Gendarme des flux migratoires
Un des principaux intérêts des grandes puissances européennes en Libye est, cependant, le rôle de gendarme contre les « flux de migration » entre l’Afrique et l’Europe qu’on veut faire jouer à ce pays. L’Italie, dirigée par Silvio Berlusconi dans une alliance avec l’extrême droite, en a conscience depuis un bon moment. Alors que des partis « post-fascistes » et ouvertement racistes (la Ligue du Nord) participent à son gouvernement, Berlusconi avait même accepté, en août 2008, de déclarer en public la « repentance » de son pays pour le colonialisme en Libye. Mais ce n’était pas désintéressé. Les « réparations » auxquelles consentit Berlusconi alors ne sont rien d’autres que des investissements italiens à long terme en Libye.
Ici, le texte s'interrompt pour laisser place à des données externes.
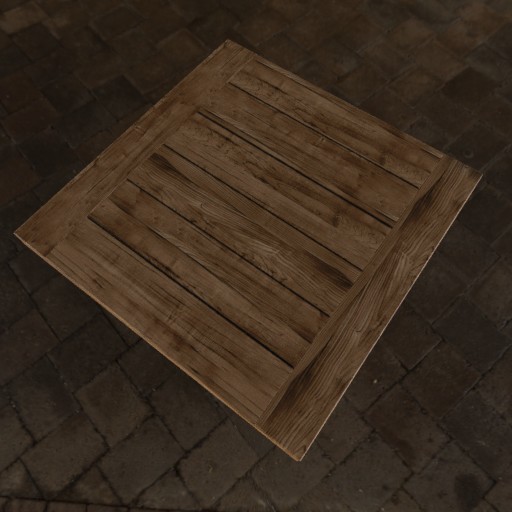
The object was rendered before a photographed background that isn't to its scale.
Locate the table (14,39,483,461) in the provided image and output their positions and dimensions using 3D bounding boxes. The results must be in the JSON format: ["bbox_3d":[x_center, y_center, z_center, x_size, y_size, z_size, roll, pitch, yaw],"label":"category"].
[{"bbox_3d":[0.000,0.000,1.011,0.610,0.457,0.610,34,69,15],"label":"table"}]
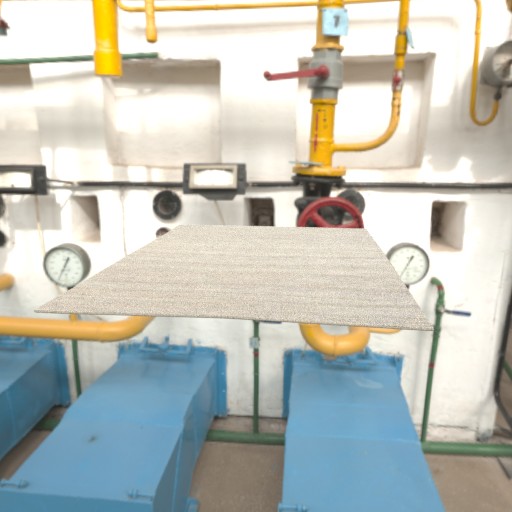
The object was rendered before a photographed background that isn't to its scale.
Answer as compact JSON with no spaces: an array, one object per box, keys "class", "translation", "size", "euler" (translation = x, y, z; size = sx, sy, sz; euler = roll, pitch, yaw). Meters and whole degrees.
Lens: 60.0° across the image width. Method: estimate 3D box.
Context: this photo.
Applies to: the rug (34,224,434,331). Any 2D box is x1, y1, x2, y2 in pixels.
[{"class":"rug","translation":[0.000,0.000,4.740],"size":[2.757,0.051,3.626],"euler":[2,14,7]}]
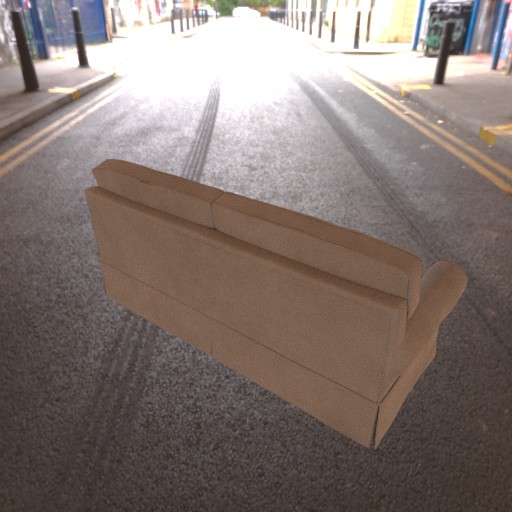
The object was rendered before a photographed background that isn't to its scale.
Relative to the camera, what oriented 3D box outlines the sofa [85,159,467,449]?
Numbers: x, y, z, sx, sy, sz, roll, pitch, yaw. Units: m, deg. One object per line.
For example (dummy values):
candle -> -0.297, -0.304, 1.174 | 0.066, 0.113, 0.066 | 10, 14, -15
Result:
sofa -> 0.000, 0.000, 2.723 | 2.246, 1.014, 0.900 | 21, 36, 33
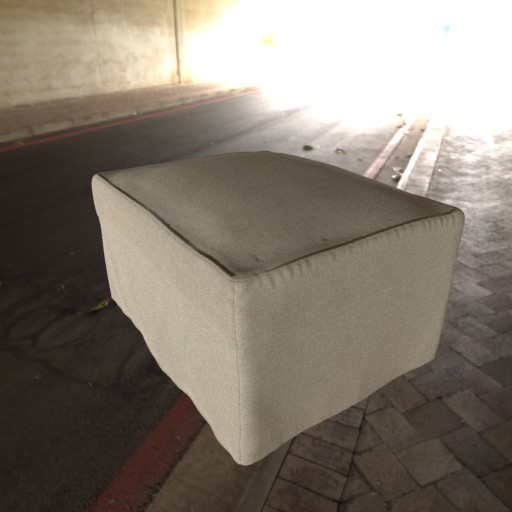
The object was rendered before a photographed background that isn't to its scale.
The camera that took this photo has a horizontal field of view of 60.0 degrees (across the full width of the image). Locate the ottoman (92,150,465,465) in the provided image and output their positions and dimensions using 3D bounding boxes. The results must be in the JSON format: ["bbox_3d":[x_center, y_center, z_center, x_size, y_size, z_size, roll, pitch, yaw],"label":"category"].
[{"bbox_3d":[0.000,0.000,1.252,0.650,0.485,0.833,-16,30,-30],"label":"ottoman"}]
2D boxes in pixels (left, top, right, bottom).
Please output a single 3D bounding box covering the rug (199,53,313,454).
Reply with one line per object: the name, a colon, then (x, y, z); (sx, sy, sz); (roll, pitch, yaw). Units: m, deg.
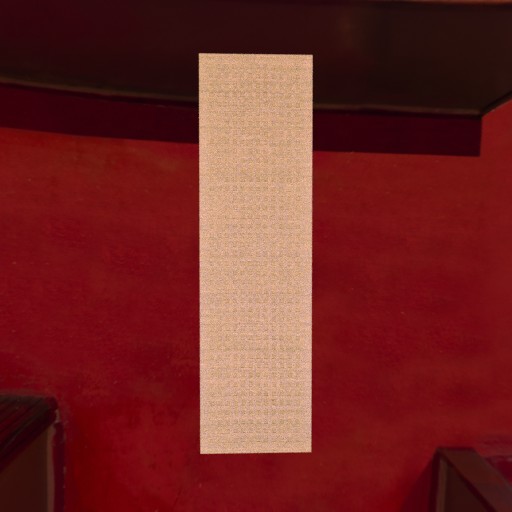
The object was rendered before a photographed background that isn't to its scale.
rug: (0.000, 0.000, 2.712); (0.686, 0.006, 2.437); (0, 92, -2)
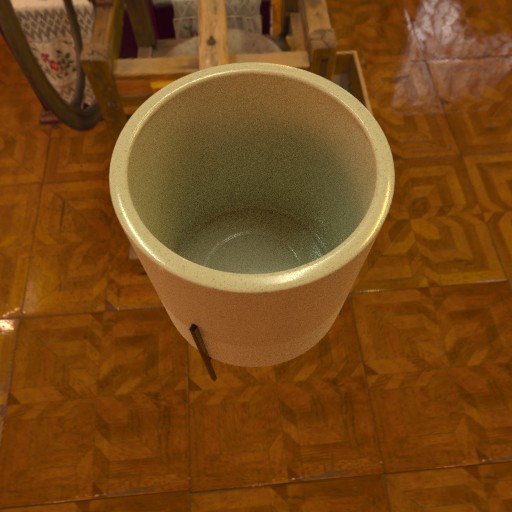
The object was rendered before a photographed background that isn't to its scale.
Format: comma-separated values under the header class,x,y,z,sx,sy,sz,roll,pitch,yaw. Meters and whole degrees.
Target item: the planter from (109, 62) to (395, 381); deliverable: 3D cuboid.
class,x,y,z,sx,sy,sz,roll,pitch,yaw
planter,0.000,0.000,0.701,0.323,0.475,0.314,-2,63,-1
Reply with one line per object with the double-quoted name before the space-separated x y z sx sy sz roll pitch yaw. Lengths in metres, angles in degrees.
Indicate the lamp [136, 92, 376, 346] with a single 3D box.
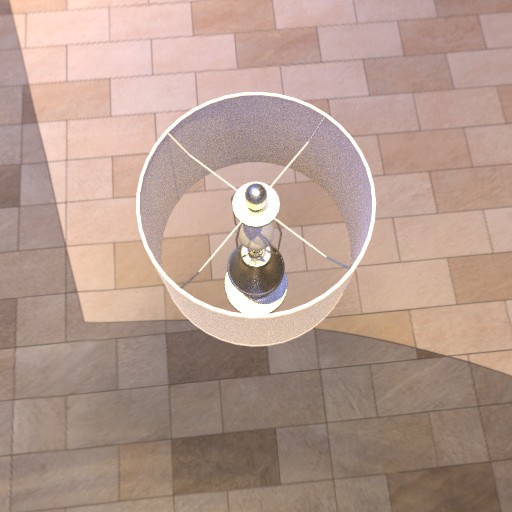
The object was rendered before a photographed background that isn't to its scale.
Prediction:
"lamp" 0.000 0.000 0.944 0.383 0.733 0.383 0 76 0
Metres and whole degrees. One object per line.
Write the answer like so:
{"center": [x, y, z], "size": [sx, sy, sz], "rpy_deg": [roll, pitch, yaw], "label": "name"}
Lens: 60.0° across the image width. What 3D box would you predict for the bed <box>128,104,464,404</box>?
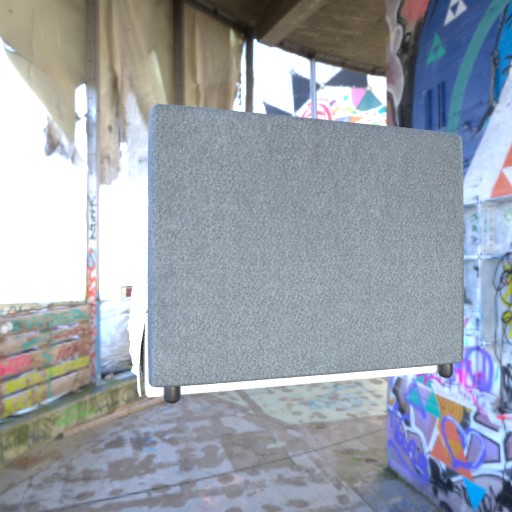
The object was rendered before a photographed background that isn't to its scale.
{"center": [0.000, 0.000, 3.141], "size": [1.723, 1.330, 2.142], "rpy_deg": [0, -1, -17], "label": "bed"}
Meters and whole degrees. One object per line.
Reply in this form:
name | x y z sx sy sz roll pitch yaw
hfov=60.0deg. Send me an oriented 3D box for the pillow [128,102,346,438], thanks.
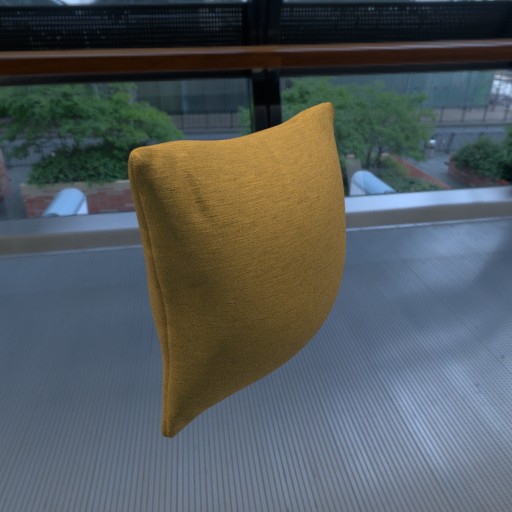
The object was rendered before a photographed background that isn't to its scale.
pillow | 0.000 0.000 0.696 0.247 0.417 0.435 18 32 32
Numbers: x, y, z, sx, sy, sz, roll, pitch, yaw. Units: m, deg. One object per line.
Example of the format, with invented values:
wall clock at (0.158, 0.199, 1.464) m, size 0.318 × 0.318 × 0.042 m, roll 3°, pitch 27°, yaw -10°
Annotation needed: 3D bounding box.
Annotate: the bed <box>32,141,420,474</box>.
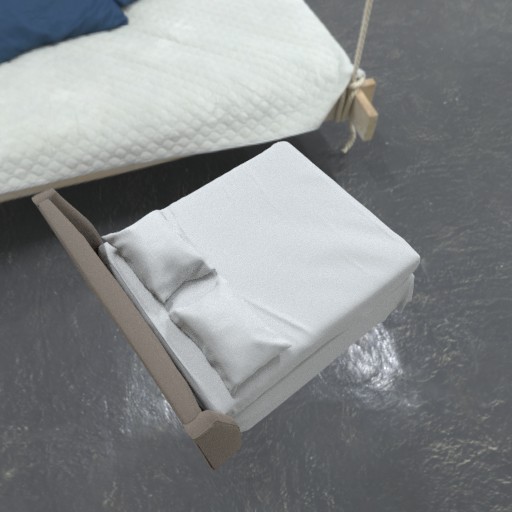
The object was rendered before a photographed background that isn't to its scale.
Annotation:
bed at (0.000, 0.000, 3.407) m, size 2.276 × 1.332 × 1.925 m, roll -34°, pitch 64°, yaw -19°
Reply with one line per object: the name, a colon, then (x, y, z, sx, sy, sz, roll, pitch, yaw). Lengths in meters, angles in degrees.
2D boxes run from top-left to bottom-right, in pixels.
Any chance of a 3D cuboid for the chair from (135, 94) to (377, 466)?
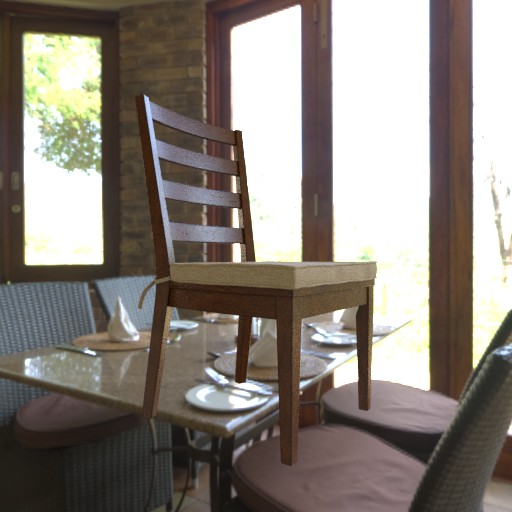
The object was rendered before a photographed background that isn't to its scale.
chair: (0.000, 0.000, 1.390, 0.595, 0.979, 0.593, 0, 0, 36)
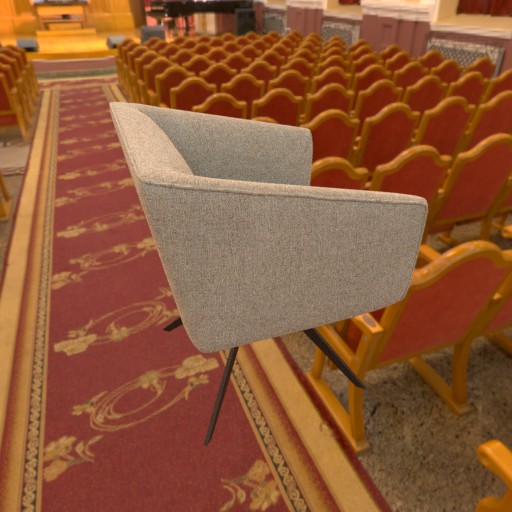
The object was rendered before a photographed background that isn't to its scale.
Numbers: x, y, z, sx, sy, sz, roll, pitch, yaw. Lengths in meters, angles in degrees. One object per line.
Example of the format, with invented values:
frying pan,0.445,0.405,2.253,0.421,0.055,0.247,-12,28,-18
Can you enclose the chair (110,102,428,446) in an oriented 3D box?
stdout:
chair,0.000,0.000,1.234,0.623,0.760,0.628,-11,33,-17
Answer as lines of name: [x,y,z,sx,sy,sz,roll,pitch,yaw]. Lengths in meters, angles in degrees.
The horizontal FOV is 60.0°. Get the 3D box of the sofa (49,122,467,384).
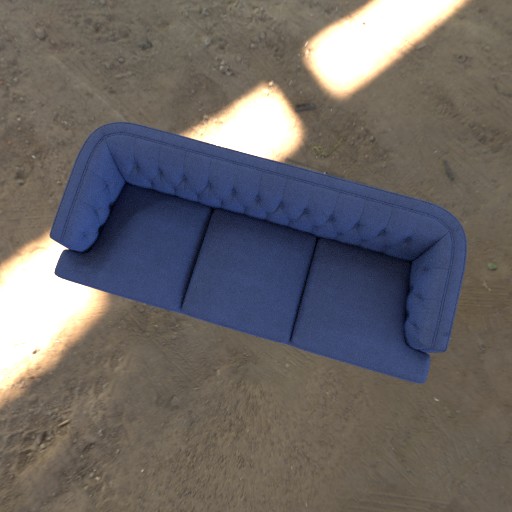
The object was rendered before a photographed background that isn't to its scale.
sofa: [0.000,0.000,2.674,2.235,0.787,0.914,16,77,4]
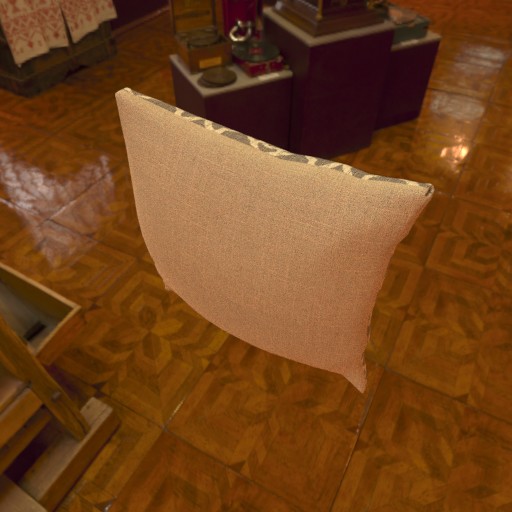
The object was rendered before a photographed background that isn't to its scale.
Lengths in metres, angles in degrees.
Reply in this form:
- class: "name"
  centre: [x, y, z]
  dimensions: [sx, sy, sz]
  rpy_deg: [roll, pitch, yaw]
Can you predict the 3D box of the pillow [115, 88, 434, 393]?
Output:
- class: "pillow"
  centre: [0.000, 0.000, 0.794]
  dimensions: [0.508, 0.498, 0.215]
  rpy_deg: [23, 51, 21]
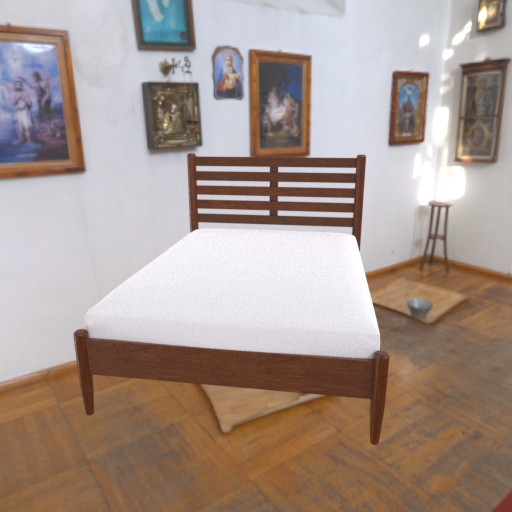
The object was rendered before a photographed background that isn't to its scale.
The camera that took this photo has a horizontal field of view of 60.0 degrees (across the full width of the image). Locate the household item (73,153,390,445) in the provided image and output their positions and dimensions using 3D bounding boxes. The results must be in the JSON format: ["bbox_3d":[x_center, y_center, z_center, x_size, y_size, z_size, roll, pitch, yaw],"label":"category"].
[{"bbox_3d":[0.000,0.000,3.258,1.663,1.356,2.232,2,16,9],"label":"household item"}]
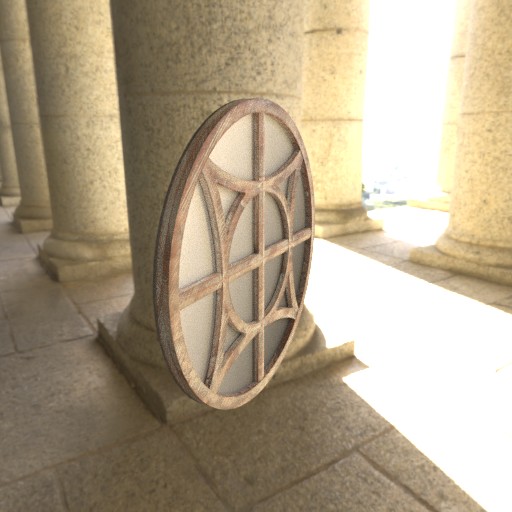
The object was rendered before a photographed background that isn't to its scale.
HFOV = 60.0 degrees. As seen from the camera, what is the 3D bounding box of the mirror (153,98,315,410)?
[{"bbox_3d":[0.000,0.000,1.062,0.038,0.710,0.710,8,17,26],"label":"mirror"}]
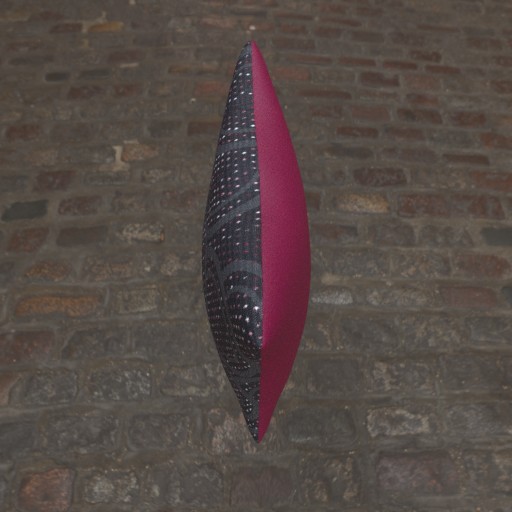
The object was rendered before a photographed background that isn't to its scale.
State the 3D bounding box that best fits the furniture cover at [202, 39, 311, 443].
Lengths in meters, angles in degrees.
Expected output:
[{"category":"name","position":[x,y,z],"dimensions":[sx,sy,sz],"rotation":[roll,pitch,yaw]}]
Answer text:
[{"category":"furniture cover","position":[0.000,0.000,0.808],"dimensions":[0.193,0.509,0.552],"rotation":[-1,57,-1]}]
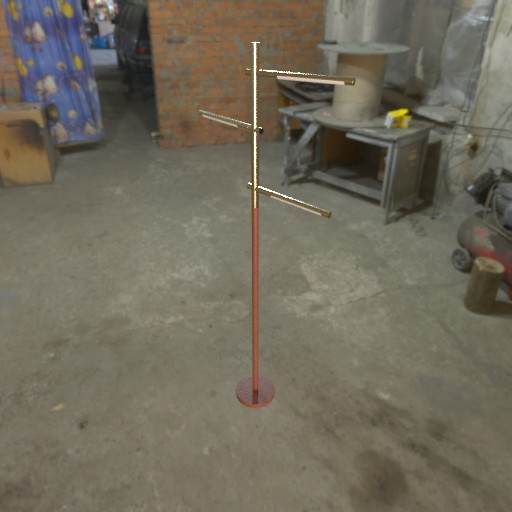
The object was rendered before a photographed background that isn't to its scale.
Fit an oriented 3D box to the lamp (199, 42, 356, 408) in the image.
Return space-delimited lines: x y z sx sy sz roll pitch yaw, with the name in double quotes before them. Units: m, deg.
"lamp" 0.000 0.000 1.959 0.737 1.704 0.209 21 36 31
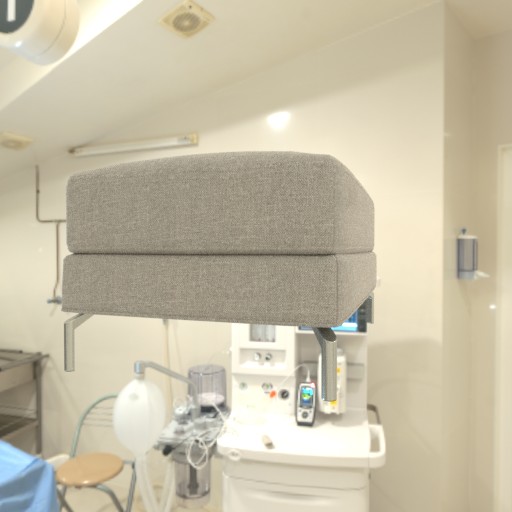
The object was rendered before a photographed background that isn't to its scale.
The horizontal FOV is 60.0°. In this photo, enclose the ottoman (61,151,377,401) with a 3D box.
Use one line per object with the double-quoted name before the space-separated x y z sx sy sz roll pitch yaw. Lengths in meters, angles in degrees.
"ottoman" 0.000 0.000 1.189 0.584 0.457 0.838 0 1 19
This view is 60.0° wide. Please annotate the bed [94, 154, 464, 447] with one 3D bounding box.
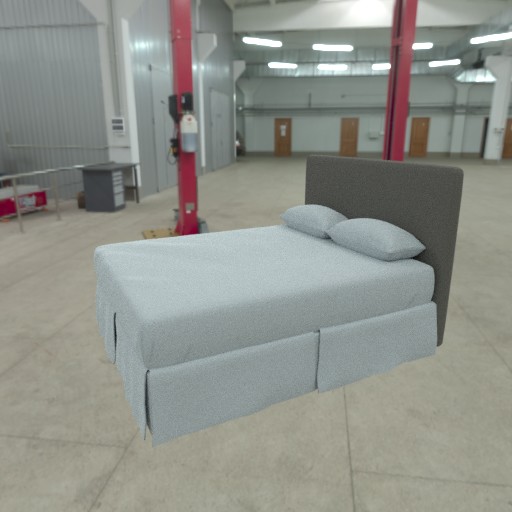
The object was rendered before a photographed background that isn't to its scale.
[{"bbox_3d":[0.000,0.000,3.226,2.142,1.330,1.748,-8,18,-26],"label":"bed"}]
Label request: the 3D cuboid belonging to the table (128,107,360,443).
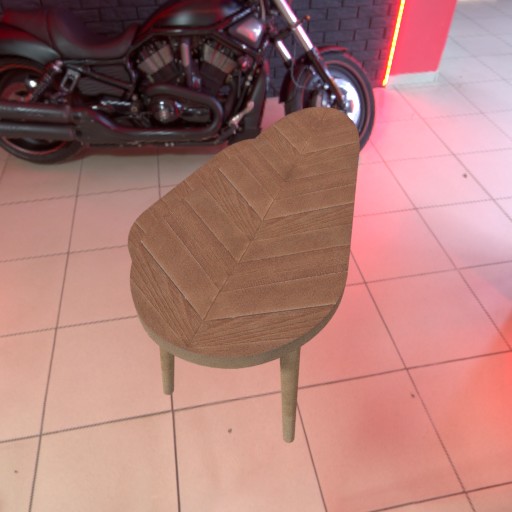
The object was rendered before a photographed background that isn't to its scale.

De plus, le régime libyen participait, dès l’époque, à la chasse aux immigrés « indésirables » sur la Méditerranée (l’Italie aidant, en contrepartie, à améliorer la technologie de la marine libyenne). Et il acceptait le renvoi d’immigrés refoulés du sol européen par l’Italie, sur son territoire.
Jeudi 20 janvier 2011, le Parlement européen a discuté de la conclusion d’un « accord cadre avec la Libye », portant sur une coopération en matière « de relations politiques, d’immigration et d’énergie ». Les négociations ont démarré en novembre 2008. Si elles aboutissent, elles déboucheront sur le premier traité liant officiellement l’Europe à la Libye. Celui-ci officialisera alors, à l’échelle de l’Union européenne, des pratiques déjà mises en œuvre, surtout par l’Italie, comportant le renvoi de migrants en Libye.
Droits de l’homme
Appelés à donner leur avis sur les négociations conduites par le Conseil (l’exécutif de l’Union), les parlementaires européens se sont quelque peu rebiffés, ce jour-là. Les députés de Strasbourg ont ainsi marqué leurs réserves, notamment en exigeant des « garanties minimales » de la part de la Libye avant qu’un accord cadre puisse prévoir officiellement de renvoyer des migrants sur son sol. Ils demandent ainsi que le HCR (le Haut commissariat des Nations unies pour les réfugiés) puisse être présent en Libye – ce qui n’est pas le cas aujourd’hui –, et de vérifier que le renvoi forcé ne concerne pas des personnes pouvant prétendre au statut de réfugié politique. Aussi les députés européens demandent-ils des garanties minimales en matière des droits de l’homme, dans un pays dont on sait pertinemment que son régime n’en a cure.
Il est trop tôt pour dire si ces exigences minimales retarderont voire empêcheront la conclusion de ce traité. Ce qui sûr, en revanche, c’est qu’il faut dénoncer – pour nous, l’opinion publique démocratique, les militants politiques, les associations antiracistes et des droits de l’homme, les militants de la solidarité internationale – toute coopération militariste ou se faisant sur le dos des migrants, avec la dictature libyenne.
Bertold du Ryon, début février 2011.